# Cheaper Aftermarket Light Kits / Zero Turn Mower



## Cornelia_Hiker (Aug 24, 2008)

Manufacturer's accessories are SO expensive   Next spring I'm going to get a new Zero Turn mower for the yard. Would like to add a light kit. They mount on the front and are on spring supports. I can run the wiring, do all hookup. Anyone know where I can find cheaper add on lighting kits?

Thanks!


----------



## Broncoxlt (Aug 24, 2008)

Cornelia_Hiker said:


> Manufacturer's accessories are SO expensive   Next spring I'm going to get a new Zero Turn mower for the yard. Would like to add a light kit. They mount on the front and are on spring supports. I can run the wiring, do all hookup. Anyone know where I can find cheaper add on lighting kits?
> 
> Thanks!



look at walmart or advanced auto parts


----------



## Cornelia_Hiker (Aug 24, 2008)

Hi Broncoxlt,

So do they have them there or are you guessing?

Thanks


----------



## Broncoxlt (Aug 24, 2008)

Cornelia_Hiker said:


> Hi Broncoxlt,
> 
> So do they have them there or are you guessing?
> 
> Thanks



Both walmart nad advanced auto parts have off road lights fog lights and divivng lights and some tractor lights. Also check out northerntool.com


----------



## Cornelia_Hiker (Aug 24, 2008)

Hey and thanks, Well this will be a specialty item as the mounts are these spring loaded deals so the light can hit a bush and not break off.


----------



## Todd E (Aug 24, 2008)

I have never seen lights at stores that are the same as the kits that you buy for ZRTs. The one for my Toro is a three light kit completely prewired with a plug. All you do is mount, ziptie wiring, and plug in connector. The kit for mine is $99 + tax. What brand are you referring to? You cannot buy Toro brand parts other than from authorized dealer. If you want similars.....you must find someone who has fabricated kits/parts and sells them under a diff name. I have never seen ZRT light kits other than at the dealer. 

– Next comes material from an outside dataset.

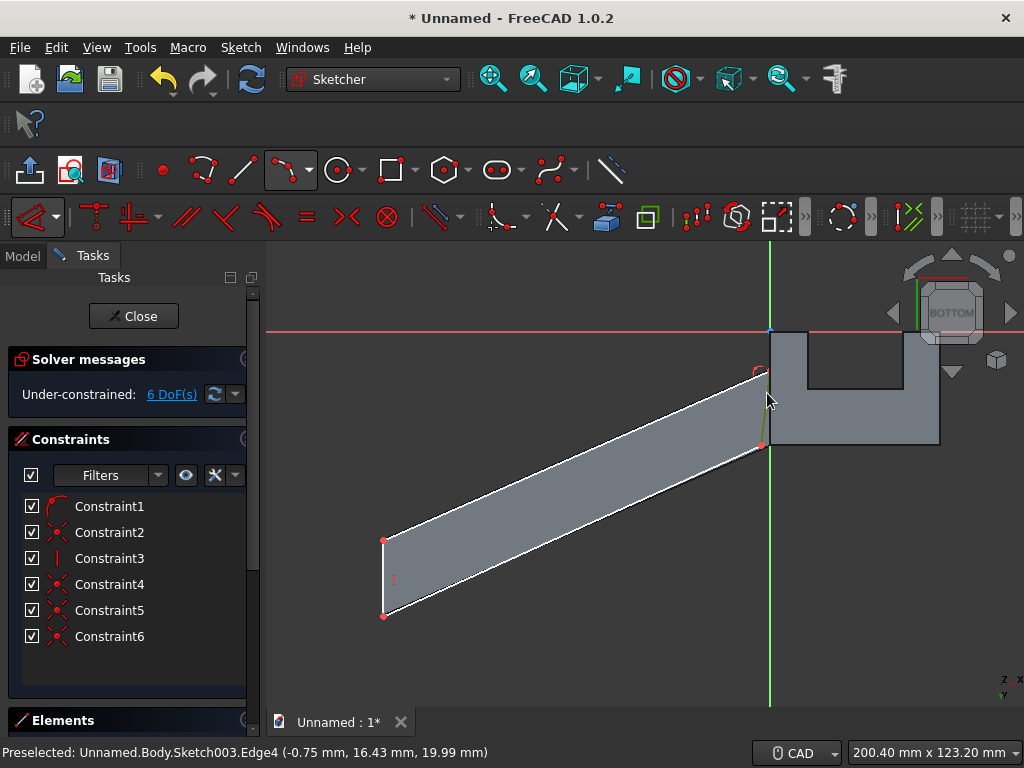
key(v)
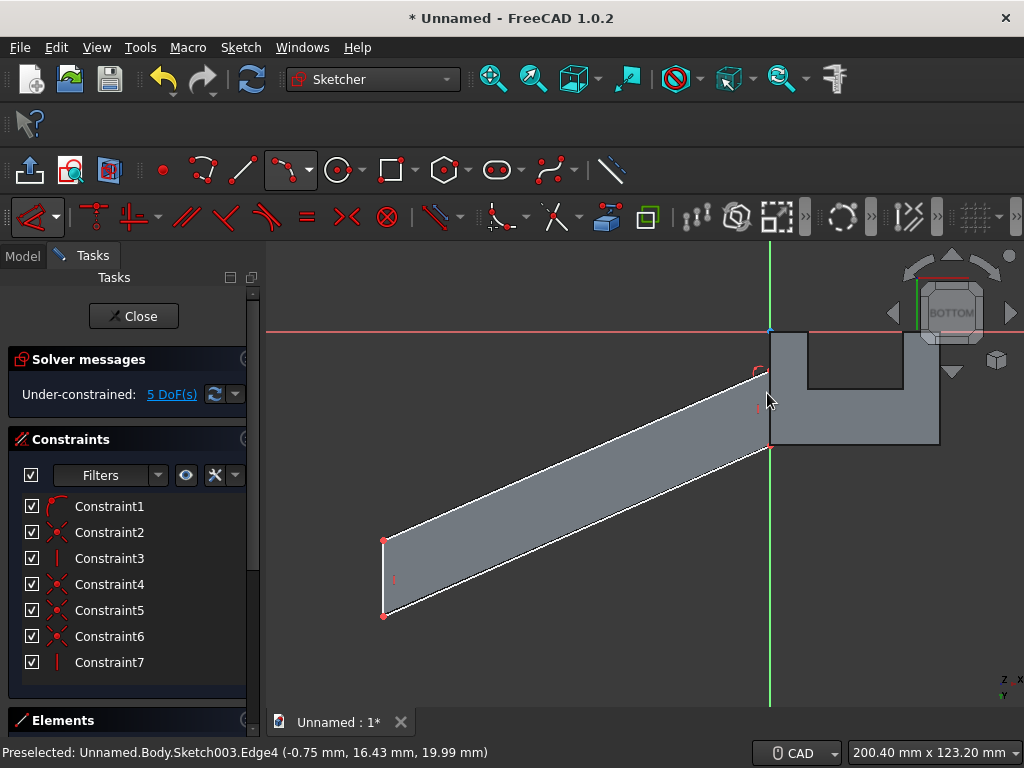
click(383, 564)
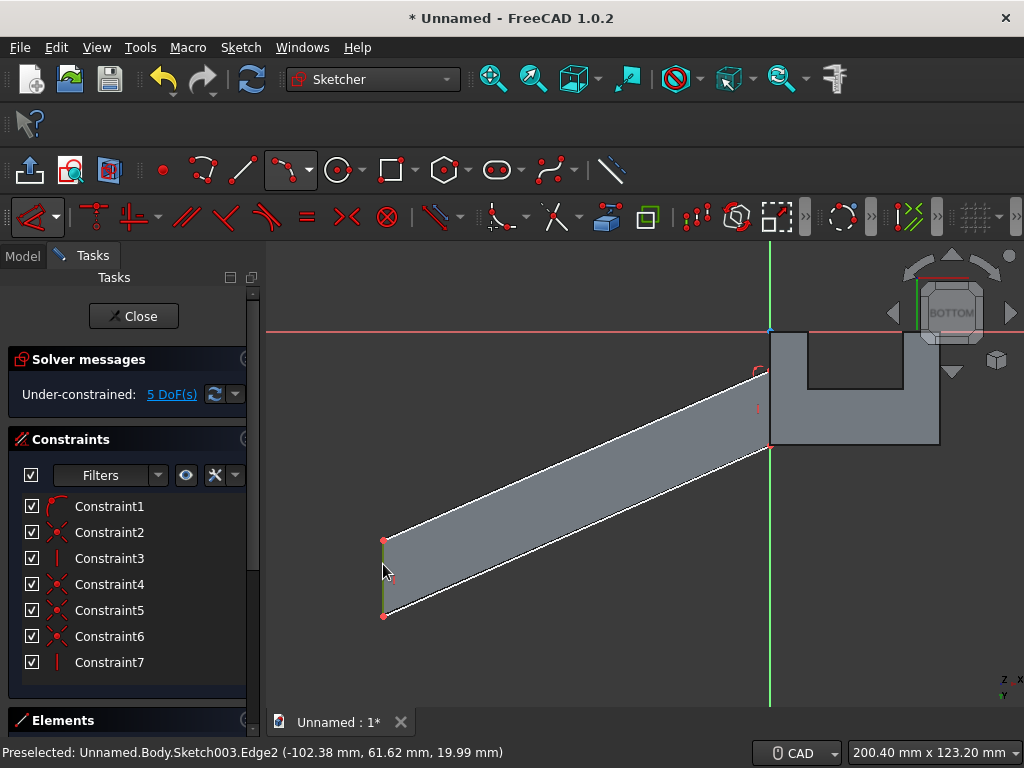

Course....if you are mechanical minded....you can buy white fogs similar to the kit, buy longer mounting bolts, buy yourself some sized according springs, wire lights in together, put a male or female conn on end of wire......voila.


----------



## gonner (Aug 24, 2008)

Dude don't fall for the factory play.I've got a Graverly ztr and I put
my lights on myself.They the dealer wanted to sell me the light kit
for 200$ and another 50$ to install.YEAH RIGHT! I went to Northern Tool Supply and bought a light kit and supplies and have around 25 or 30$ in it,took me maybe an hour to mount and wire 
lights.Later I found a square halogen light kit at Harbor Frieght Tools that was cheaper than what I bought mine for and it had better brackets for mounting to the machine.SO yeah you can find them  and you can do them yourself.


----------



## Cornelia_Hiker (Aug 24, 2008)

Thanks guys, I'll check out Northern


----------